■ PROBLEM REQUIREMENTS: Repeat, exactly as they appear, the lines from the one with "1) trailer [762, 583, 890, 667]" through the last line of the entries below, but none of the pictures.

____

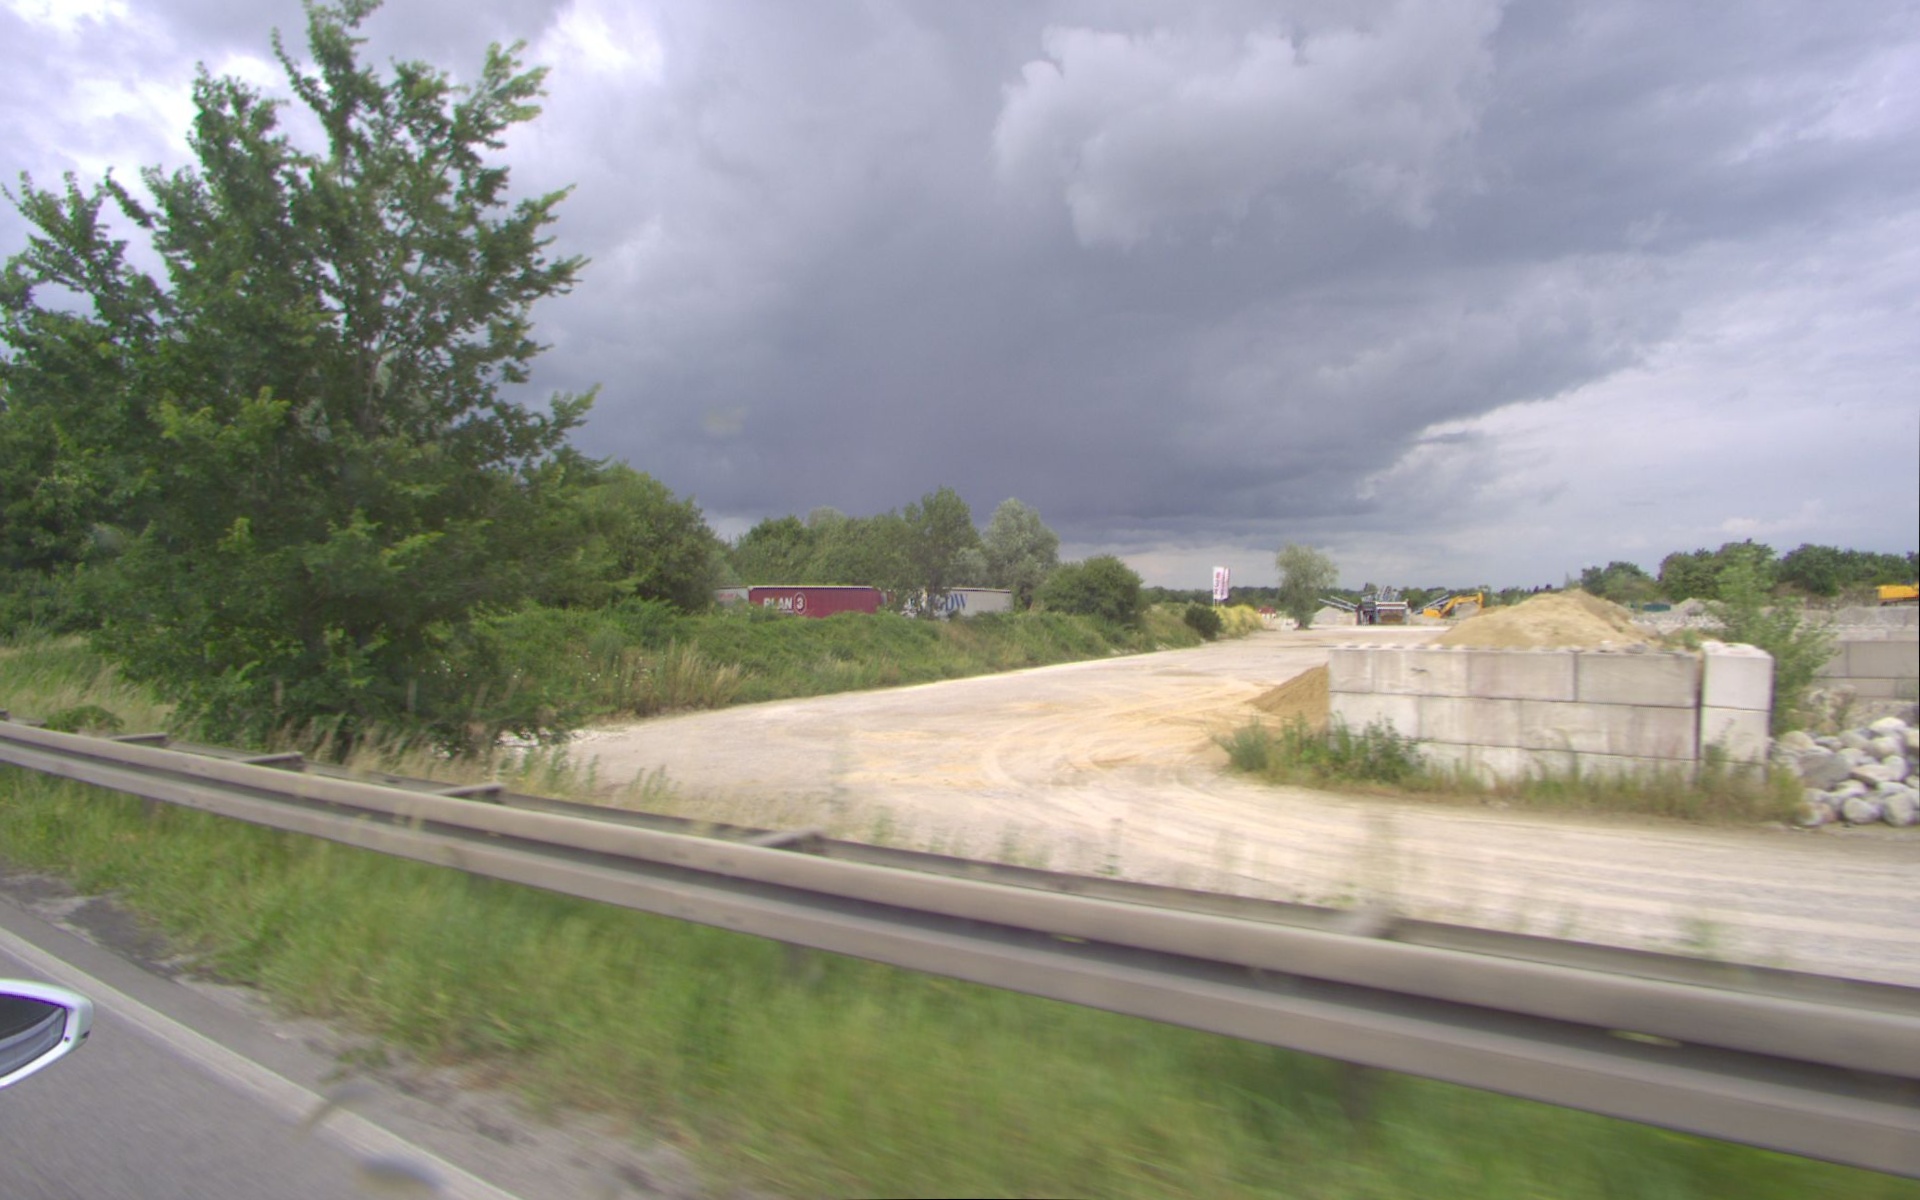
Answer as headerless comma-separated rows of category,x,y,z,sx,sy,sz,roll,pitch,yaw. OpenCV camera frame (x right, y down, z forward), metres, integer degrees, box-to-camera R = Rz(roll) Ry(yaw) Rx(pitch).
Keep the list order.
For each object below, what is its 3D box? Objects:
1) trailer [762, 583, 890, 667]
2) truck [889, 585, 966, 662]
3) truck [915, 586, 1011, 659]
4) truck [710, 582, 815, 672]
trailer,-8.195,1.489,63.178,2.625,4.898,10.243,0,0,27
truck,-2.128,1.553,67.690,2.625,4.953,5.942,0,0,27
truck,0.388,1.579,72.575,2.625,4.915,10.140,0,0,27
truck,-11.194,1.488,57.313,2.625,4.850,6.139,0,0,27
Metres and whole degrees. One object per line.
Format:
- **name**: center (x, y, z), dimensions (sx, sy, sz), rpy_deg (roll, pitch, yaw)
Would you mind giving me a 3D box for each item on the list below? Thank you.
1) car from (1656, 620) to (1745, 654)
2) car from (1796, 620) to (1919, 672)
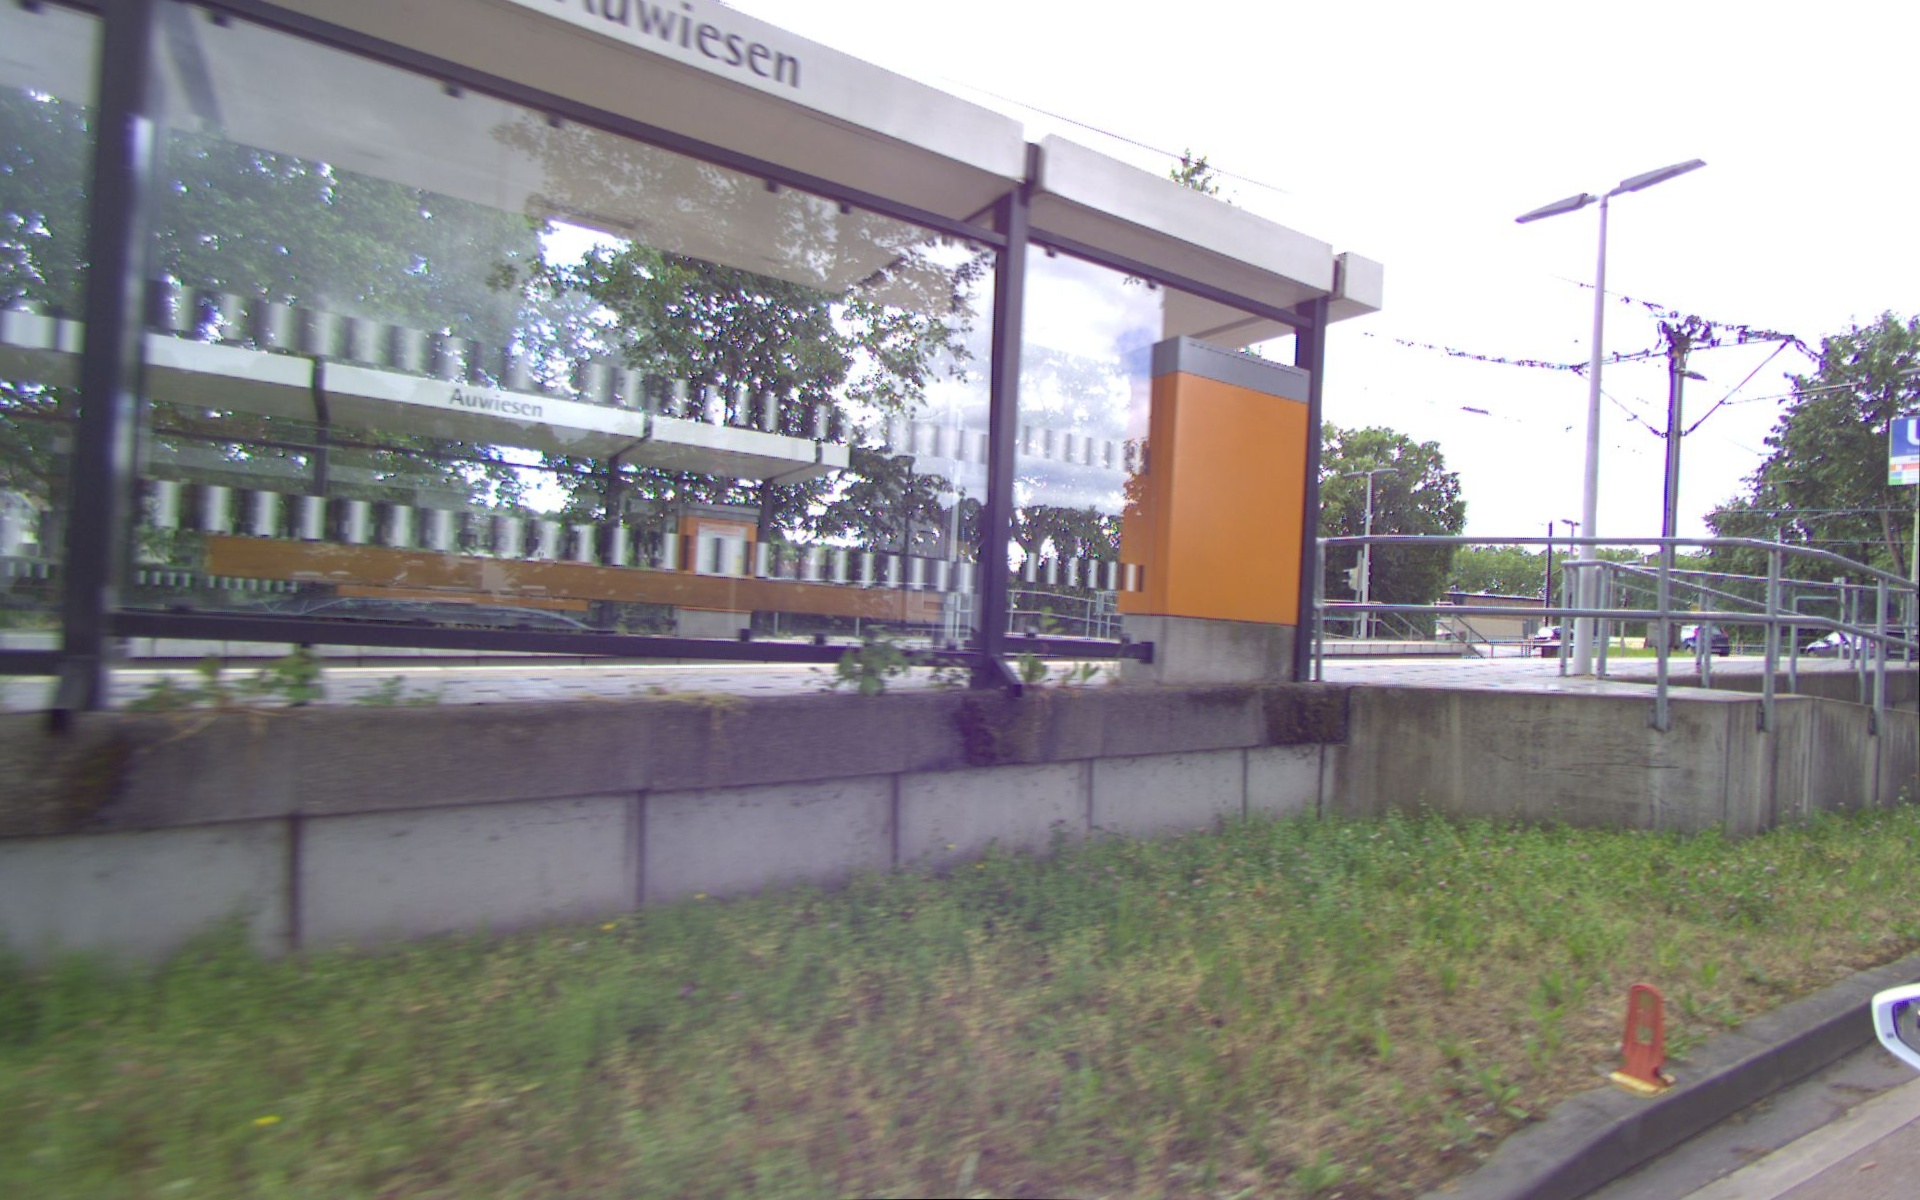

____

■ SOLUTION FOR THIS EXERCISE:
1) trailer [762, 583, 890, 667]
2) truck [889, 585, 966, 662]
3) truck [915, 586, 1011, 659]
4) truck [710, 582, 815, 672]
trailer,-8.195,1.489,63.178,2.625,4.898,10.243,0,0,27
truck,-2.128,1.553,67.690,2.625,4.953,5.942,0,0,27
truck,0.388,1.579,72.575,2.625,4.915,10.140,0,0,27
truck,-11.194,1.488,57.313,2.625,4.850,6.139,0,0,27
Metres and whole degrees. One object per line.
Format:
- **name**: center (x, y, z), dimensions (sx, sy, sz), rpy_deg (roll, pitch, yaw)
Would you mind giving me a 3D box for each item on the list below? Thank you.
1) car from (1656, 620) to (1745, 654)
2) car from (1796, 620) to (1919, 672)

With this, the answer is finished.